#### MATERIAL SHOWN ####

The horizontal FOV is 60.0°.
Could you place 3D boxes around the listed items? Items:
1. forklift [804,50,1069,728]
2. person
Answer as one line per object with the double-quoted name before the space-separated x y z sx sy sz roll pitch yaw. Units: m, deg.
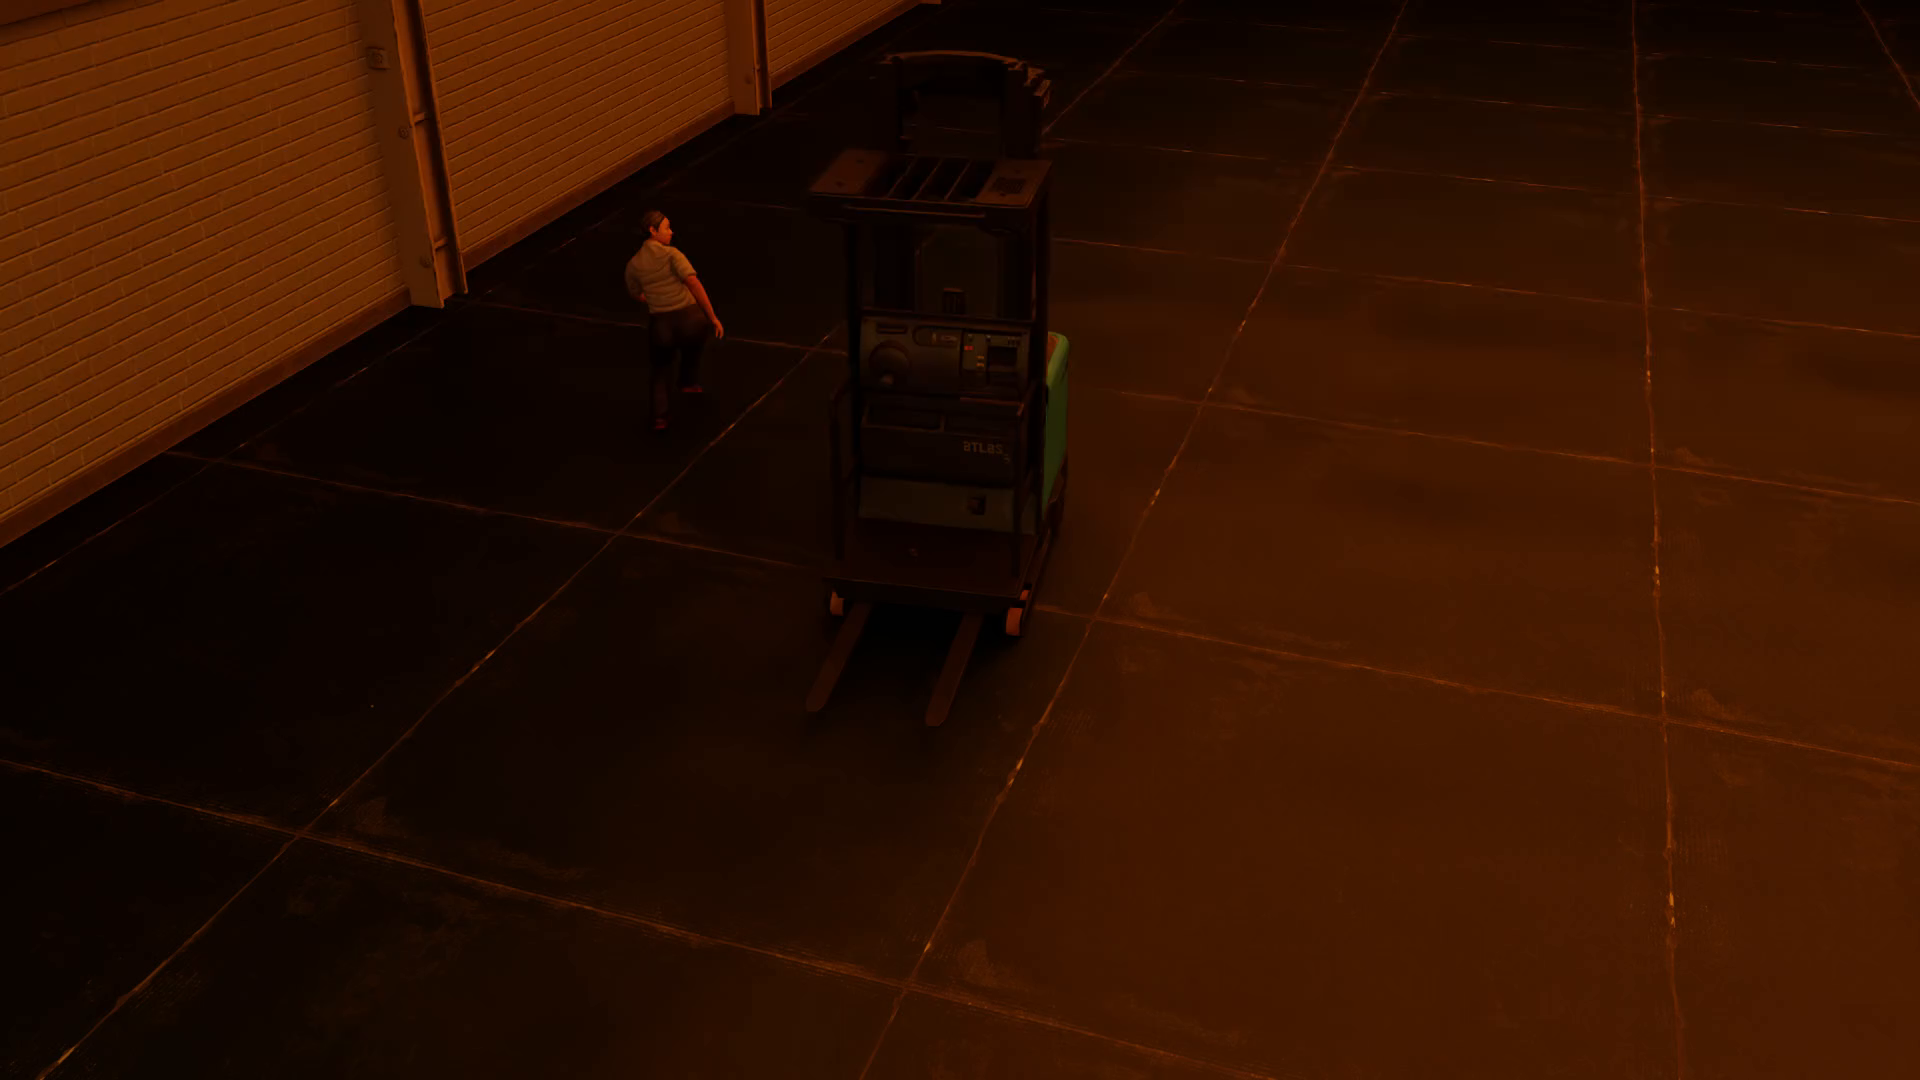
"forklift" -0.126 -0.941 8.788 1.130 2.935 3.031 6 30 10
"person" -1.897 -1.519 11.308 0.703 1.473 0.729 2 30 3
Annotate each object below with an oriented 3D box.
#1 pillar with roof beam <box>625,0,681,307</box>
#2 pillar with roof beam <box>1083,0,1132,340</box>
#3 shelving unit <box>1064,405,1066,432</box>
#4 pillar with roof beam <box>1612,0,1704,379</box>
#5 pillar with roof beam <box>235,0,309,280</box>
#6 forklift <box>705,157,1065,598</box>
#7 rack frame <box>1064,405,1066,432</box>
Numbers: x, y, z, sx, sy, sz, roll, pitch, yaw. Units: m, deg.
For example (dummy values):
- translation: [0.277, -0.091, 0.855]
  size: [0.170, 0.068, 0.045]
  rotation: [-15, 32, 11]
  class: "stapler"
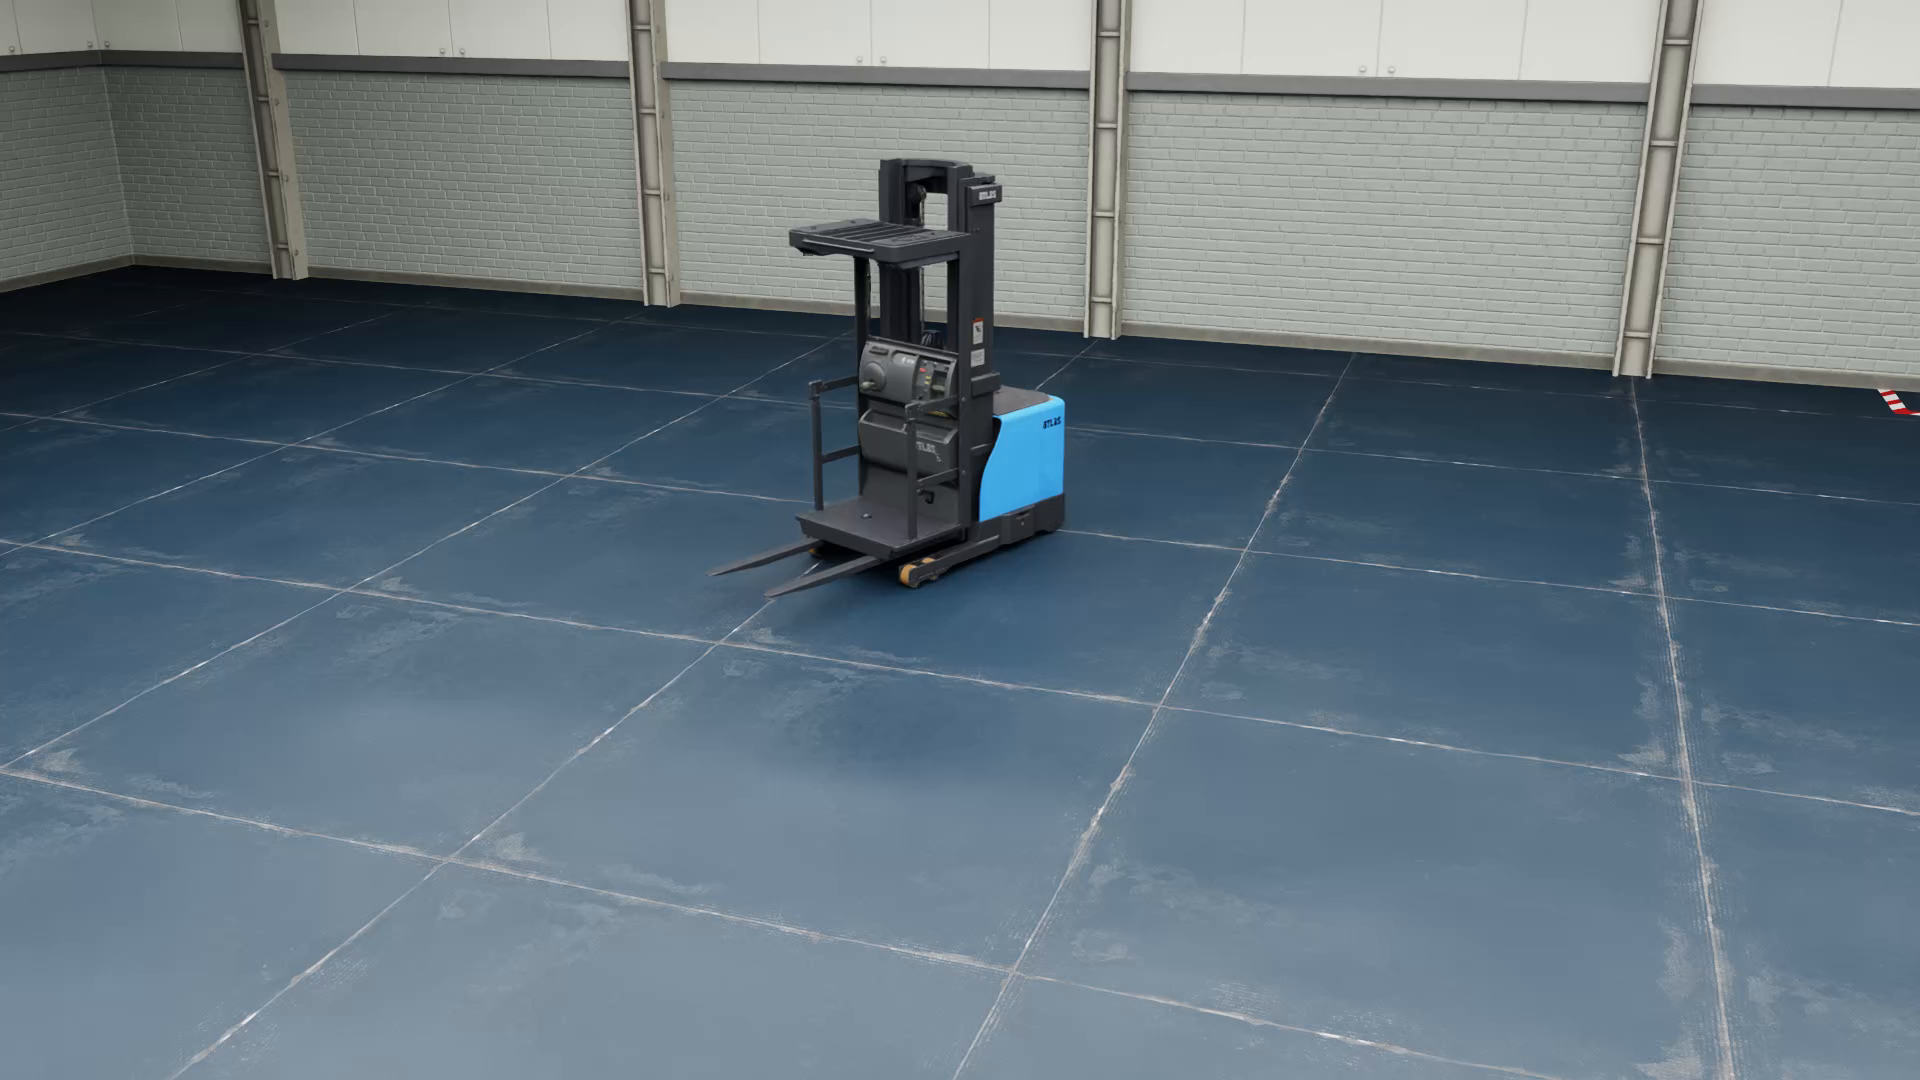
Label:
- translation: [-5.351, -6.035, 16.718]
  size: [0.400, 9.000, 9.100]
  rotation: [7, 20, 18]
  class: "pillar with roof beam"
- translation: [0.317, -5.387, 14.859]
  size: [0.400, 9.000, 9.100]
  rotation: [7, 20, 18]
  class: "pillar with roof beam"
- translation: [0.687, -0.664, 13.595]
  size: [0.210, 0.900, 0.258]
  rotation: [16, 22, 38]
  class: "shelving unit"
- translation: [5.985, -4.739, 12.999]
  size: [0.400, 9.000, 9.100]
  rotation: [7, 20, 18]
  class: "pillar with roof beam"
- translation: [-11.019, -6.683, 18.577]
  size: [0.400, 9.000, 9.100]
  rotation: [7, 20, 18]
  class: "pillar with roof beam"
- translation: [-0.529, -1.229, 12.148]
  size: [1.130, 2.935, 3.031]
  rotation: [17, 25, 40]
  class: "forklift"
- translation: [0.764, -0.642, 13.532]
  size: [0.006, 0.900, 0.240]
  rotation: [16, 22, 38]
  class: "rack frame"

####

• [EXERCISE GOAL]
Pictures stay out; reproduce every line of the records exactly.

• [EXPECTED ANSWER]
The horizontal FOV is 60.0°.
Could you place 3D boxes around the listed items? Items:
1. forklift [804,50,1069,728]
2. person
Answer as one line per object with the double-quoted name before the space-separated x y z sx sy sz roll pitch yaw. Units: m, deg.
"forklift" -0.126 -0.941 8.788 1.130 2.935 3.031 6 30 10
"person" -1.897 -1.519 11.308 0.703 1.473 0.729 2 30 3
Annotate each object below with an oriented 3D box.
#1 pillar with roof beam <box>625,0,681,307</box>
#2 pillar with roof beam <box>1083,0,1132,340</box>
#3 shelving unit <box>1064,405,1066,432</box>
#4 pillar with roof beam <box>1612,0,1704,379</box>
#5 pillar with roof beam <box>235,0,309,280</box>
#6 forklift <box>705,157,1065,598</box>
#7 rack frame <box>1064,405,1066,432</box>
Numbers: x, y, z, sx, sy, sz, roll, pitch, yaw. Units: m, deg.
For example (dummy values):
- translation: [0.277, -0.091, 0.855]
  size: [0.170, 0.068, 0.045]
  rotation: [-15, 32, 11]
  class: "stapler"
Label:
- translation: [-5.351, -6.035, 16.718]
  size: [0.400, 9.000, 9.100]
  rotation: [7, 20, 18]
  class: "pillar with roof beam"
- translation: [0.317, -5.387, 14.859]
  size: [0.400, 9.000, 9.100]
  rotation: [7, 20, 18]
  class: "pillar with roof beam"
- translation: [0.687, -0.664, 13.595]
  size: [0.210, 0.900, 0.258]
  rotation: [16, 22, 38]
  class: "shelving unit"
- translation: [5.985, -4.739, 12.999]
  size: [0.400, 9.000, 9.100]
  rotation: [7, 20, 18]
  class: "pillar with roof beam"
- translation: [-11.019, -6.683, 18.577]
  size: [0.400, 9.000, 9.100]
  rotation: [7, 20, 18]
  class: "pillar with roof beam"
- translation: [-0.529, -1.229, 12.148]
  size: [1.130, 2.935, 3.031]
  rotation: [17, 25, 40]
  class: "forklift"
- translation: [0.764, -0.642, 13.532]
  size: [0.006, 0.900, 0.240]
  rotation: [16, 22, 38]
  class: "rack frame"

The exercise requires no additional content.